I've mentioned before I'm a bit of a birding snob. I love mud on my boots, I love going home chilled to the bone with wet feet, rosy cheeks, and a nagging doubt of my own sanity. I love being forced to strip out of soaking wet, filthy clothes on the front porch. I'm not a fan of urban birding, and definitely not a fan of urban park birding. Which is what Hogganfield is. What Hoggy also is, is what you make of it. If you want to tick whooper swans being fed to hand by toddlers, then you can, easily. If you want to do more 'wild' birding, then it turns out- to my surprise- you can do that too. Hoggy is well known for its breeding GC grebes, and I was hoping against hope of seeing them. Maybe too early? You never know til you go. I had seen on social media that a scaup had been there, but as I'm not a twitcher, it didn't feature high in my priorities. If I saw it, I saw it. If not, then thats the way it goes.

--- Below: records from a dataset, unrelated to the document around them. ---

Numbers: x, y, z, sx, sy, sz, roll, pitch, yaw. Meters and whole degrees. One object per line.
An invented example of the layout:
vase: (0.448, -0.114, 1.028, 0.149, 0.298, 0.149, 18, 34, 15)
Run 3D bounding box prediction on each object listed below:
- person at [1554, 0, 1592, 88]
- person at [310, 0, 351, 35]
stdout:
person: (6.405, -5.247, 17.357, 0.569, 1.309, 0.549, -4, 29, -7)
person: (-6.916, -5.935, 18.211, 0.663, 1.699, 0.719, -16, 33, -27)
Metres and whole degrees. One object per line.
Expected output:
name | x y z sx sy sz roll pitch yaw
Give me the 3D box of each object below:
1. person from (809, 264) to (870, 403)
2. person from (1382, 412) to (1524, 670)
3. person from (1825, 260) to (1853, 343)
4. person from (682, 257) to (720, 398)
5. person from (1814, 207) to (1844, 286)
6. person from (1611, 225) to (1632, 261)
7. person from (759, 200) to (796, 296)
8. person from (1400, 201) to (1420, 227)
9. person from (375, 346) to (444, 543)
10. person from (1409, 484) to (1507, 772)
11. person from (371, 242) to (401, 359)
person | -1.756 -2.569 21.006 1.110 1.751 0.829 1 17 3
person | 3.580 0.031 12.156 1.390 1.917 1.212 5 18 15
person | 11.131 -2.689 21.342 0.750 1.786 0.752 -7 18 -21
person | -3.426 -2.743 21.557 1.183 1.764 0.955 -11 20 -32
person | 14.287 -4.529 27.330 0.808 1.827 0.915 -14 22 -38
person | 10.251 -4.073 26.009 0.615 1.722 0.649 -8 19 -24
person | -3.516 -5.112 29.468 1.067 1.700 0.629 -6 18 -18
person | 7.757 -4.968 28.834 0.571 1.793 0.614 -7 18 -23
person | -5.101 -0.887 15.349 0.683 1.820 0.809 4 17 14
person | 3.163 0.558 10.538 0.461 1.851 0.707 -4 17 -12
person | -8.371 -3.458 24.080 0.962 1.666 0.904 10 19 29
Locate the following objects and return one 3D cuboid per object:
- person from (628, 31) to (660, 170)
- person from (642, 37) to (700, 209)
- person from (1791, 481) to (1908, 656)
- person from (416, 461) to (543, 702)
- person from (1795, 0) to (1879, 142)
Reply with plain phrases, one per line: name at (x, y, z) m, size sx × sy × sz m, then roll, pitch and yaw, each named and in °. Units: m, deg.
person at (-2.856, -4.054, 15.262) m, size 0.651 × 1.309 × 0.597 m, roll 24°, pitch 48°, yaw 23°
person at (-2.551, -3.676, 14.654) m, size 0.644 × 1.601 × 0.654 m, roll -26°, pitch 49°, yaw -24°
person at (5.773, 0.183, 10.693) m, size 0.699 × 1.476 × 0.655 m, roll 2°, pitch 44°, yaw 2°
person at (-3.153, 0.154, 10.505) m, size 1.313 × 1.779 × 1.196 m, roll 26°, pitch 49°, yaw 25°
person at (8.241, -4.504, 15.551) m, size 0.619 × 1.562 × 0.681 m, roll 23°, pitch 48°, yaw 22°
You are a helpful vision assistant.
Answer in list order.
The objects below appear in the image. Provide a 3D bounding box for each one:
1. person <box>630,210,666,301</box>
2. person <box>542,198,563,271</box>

The car park was full, which didn't seem like too good an omen. I parked in the adjacent car park of Lethammill Golf Course- known colloquially as a 'corpy' golf course, meaning it was a public or council- run place. Hoggy itself didn't seem as busy as the car park suggested. Sure, there were plenty of walkers and joggers, and loads of kids, but not the jostling, jam- packed nightmare I had feared. Or, had experienced last summer in Uddingston. Normally, I walk clockwise around the loch, but decided, on a whim, to be rebellious. Given I don't like change, this really was a massive step for me! Almost immediately, I got my reward. 5 pochard close into the island on the Loch. Not only pochard, but awake pochard- a first for Hoggy, as every time I see them here they're having a kip. Unexpected and welcome year tick, most years its a matter of luck when and where and if I get them, so this was defintiely a relief.

Walking on slightly, a fellow birder stopped and asked if I'd seen the Iceland Gull. Obviously, I hadn't, and I tried to sound enthusiastic about my chances of seeing it. Me not being a twitcher limited my enthusiasm, and hopefully didn't hurt my brother birder's feelings. I was enjoying being out, I was feeling the positive endorphins flushing through my system, it really wasn't a twitchy type of day. That, and I'm useless at gulls anyway. I've said for years that true gull experts (usually bearded blokes) should be stored in glass cabinets with an 'in case of....' sign.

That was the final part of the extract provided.